I ended up at a call center as an agent, after that, then moved to a team lead
spot, then worked into the training department. I kept making little
javascript tools for people along the way. Cheezy little widgets, but they
helped folks. I also cleaned up a lot of spreadsheets, modularized them, wrote
macros to do certains tasks, and otherwise pitched in here and there. It was
small stuff, but at that point I'd been coding for four years, and inhaling
book after book. At that point I knew javascript and ruby really well. I was
also using clojure to do fun projects. All the excel work eventually got me
moved over to be a data analyst with the Quality Assurance department.

I spent a lot of time reading books on best practice for enterprise dev and
dev in general (code complete 2, the pragmatic programmer, clean code,
Patterns of Enterprise Application Architecture, sicp, etc). My fairly diverse
range of languages, the scope of stuff I'd picked up from and built on from SE
radio, the books I'd read, and my side projects gave me a lot to talk about if
someone else knew how to program.

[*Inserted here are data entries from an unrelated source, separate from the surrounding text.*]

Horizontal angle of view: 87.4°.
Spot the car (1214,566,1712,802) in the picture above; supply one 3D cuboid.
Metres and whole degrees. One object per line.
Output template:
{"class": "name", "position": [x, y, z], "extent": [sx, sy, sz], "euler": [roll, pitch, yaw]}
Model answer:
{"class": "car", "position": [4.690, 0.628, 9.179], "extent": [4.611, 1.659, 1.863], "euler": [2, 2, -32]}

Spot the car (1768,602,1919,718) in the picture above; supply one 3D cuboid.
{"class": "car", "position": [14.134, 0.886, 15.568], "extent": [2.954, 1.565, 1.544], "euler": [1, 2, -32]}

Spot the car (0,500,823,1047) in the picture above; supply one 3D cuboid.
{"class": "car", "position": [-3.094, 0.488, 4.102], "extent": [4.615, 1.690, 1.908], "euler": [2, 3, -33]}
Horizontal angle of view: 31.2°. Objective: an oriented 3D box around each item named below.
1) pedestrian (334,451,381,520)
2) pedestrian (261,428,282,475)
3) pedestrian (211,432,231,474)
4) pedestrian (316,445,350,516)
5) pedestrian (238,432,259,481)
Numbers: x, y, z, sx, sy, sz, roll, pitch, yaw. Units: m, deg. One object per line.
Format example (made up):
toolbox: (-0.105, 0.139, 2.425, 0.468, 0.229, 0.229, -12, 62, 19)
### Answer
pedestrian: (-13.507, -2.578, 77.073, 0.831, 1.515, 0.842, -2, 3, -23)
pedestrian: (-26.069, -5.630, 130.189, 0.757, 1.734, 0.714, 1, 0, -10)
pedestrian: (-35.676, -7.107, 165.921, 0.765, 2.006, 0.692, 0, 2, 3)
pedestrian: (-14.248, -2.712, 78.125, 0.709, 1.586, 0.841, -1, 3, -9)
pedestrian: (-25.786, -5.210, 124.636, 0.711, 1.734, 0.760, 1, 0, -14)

Since I was salaried at that point, and a
data analyst, I was in contact with our BI group, and talked to the manager a
lot about coding. They were mostly using C# and .NET, so I started learning
.net, C#, and F# in my free time, which lead to more conversations. Eventually
they had an opening and the manager encouraged me to apply. I applied, they
offered me the job, and I've been a full time .net dev for about a year now.

My biggest hurdle was being confident that I could do it. I always loved
computers, but I'd never done any real programming until I was in my mid 20's.
If you stay around places like HN, or read coding lore, you get the impression
that everyone good started when they were five. I'm not saying that
vindictively; it's just the impression I got. Things also don't seem to come
as naturally. That said, I remember the first time I thought I "got"
functions, and it was so amazing to me. It didn't click right away, but when
it did, it was really cool feeling. Then later on I started taking on more
functional languages and learned that while I "got" them, I didn't _really_
get them. And now that feels absolutely natural.

I don't feel at a disadvantage at all, because I know that I have the skills
to keep learning and adapting, and I also have the desire. It's really cool.

That's an incredibly long post, but I didn't want to leave anything out in
case it'd be helpful. If you have any questions, feel free to ask.